YOUR INSTRUCTIONS:
Could you please find each line in the records that contains the word "whole" and copy it?

GIVEN DATA:
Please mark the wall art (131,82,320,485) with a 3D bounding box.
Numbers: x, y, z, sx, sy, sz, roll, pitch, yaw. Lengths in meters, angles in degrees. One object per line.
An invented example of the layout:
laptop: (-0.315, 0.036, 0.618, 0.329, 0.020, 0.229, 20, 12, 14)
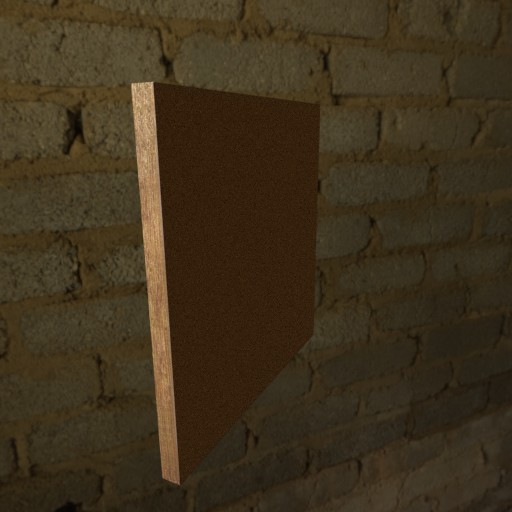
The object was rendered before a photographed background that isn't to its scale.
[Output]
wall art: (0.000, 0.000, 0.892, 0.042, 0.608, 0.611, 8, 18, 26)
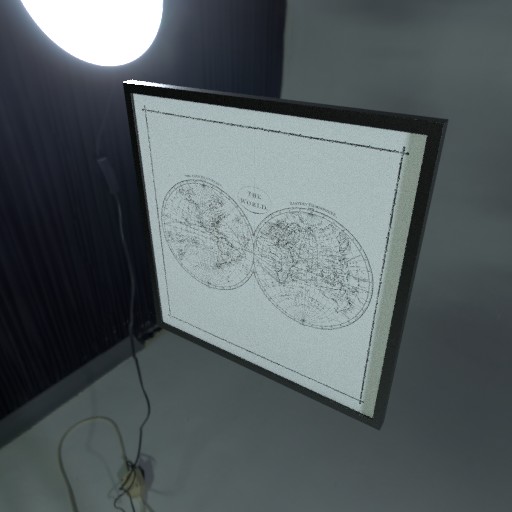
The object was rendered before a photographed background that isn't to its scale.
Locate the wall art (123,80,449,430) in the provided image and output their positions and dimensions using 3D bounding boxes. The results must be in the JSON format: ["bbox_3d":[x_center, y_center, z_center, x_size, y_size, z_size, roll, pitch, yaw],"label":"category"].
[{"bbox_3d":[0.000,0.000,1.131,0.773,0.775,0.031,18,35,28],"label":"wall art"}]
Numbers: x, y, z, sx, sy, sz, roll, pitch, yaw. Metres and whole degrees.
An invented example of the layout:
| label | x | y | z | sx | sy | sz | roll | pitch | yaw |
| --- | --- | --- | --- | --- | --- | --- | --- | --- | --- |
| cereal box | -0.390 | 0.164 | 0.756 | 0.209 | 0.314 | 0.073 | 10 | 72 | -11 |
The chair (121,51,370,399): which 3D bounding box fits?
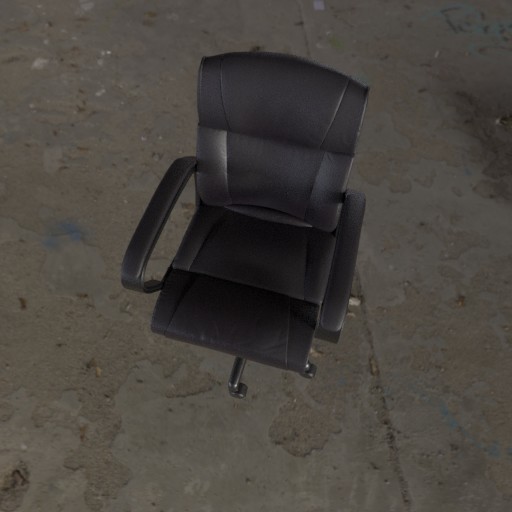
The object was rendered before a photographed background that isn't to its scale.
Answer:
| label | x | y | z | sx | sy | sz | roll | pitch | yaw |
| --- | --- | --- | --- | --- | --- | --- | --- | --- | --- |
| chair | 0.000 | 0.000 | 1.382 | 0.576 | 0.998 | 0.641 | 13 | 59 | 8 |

--

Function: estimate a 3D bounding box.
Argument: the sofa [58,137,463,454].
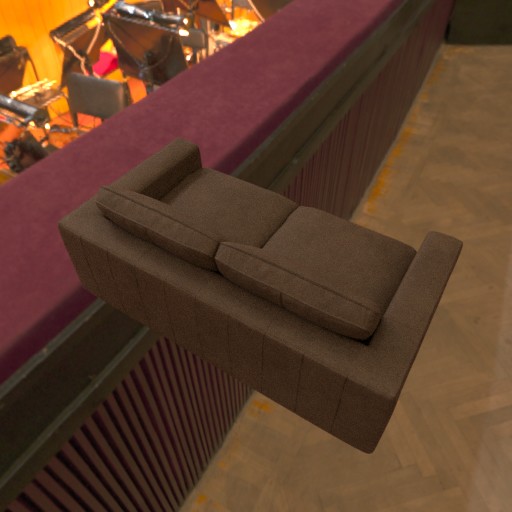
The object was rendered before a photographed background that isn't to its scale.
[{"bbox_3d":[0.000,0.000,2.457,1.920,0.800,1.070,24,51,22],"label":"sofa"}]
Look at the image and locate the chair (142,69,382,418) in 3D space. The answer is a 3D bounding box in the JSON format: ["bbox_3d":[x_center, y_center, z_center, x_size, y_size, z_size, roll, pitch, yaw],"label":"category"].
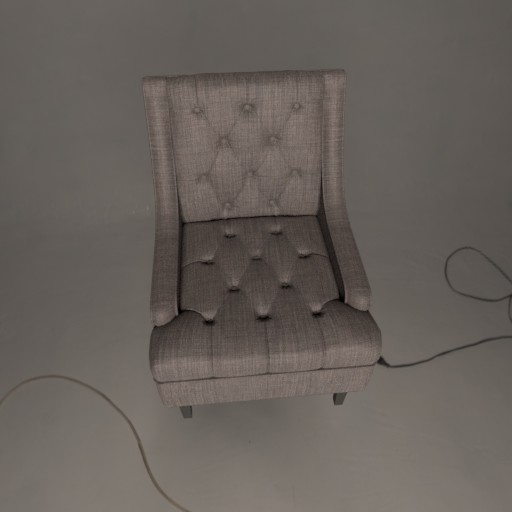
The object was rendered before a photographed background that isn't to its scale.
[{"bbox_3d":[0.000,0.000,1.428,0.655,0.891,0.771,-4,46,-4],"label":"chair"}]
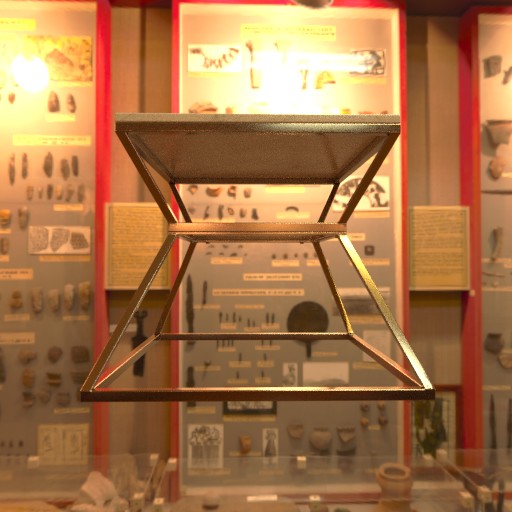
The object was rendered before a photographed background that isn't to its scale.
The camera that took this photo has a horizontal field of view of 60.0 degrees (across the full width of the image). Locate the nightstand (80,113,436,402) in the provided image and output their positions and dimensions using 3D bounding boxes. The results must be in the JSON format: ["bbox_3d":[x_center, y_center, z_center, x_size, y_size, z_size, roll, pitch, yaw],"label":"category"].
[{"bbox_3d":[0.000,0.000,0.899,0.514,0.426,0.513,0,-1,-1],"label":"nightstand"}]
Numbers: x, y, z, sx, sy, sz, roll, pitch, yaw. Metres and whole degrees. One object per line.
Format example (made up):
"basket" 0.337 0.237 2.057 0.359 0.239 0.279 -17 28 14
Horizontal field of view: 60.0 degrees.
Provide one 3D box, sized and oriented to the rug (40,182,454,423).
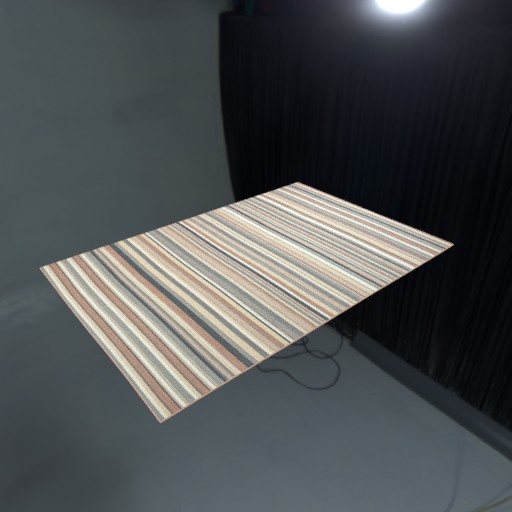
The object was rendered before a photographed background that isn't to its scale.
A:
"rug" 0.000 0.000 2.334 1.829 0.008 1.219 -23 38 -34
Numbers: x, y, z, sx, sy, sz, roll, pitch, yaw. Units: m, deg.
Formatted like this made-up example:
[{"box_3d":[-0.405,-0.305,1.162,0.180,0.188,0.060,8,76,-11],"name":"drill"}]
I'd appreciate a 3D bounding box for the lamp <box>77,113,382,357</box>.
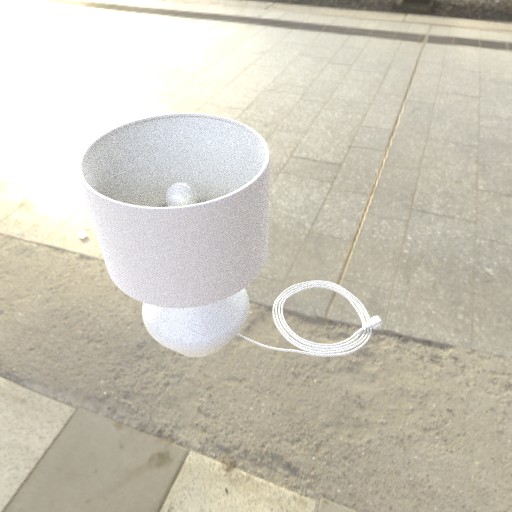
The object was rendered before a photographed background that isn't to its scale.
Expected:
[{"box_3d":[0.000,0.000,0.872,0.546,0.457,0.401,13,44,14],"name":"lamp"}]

ANSWER TO THE EXERCISE:
Numbers: x, y, z, sx, sy, sz, roll, pitch, yaw. Metres and whole degrees.
Numbers: x, y, z, sx, sy, sz, roll, pitch, yaw. Metres and whole degrees. One object per line.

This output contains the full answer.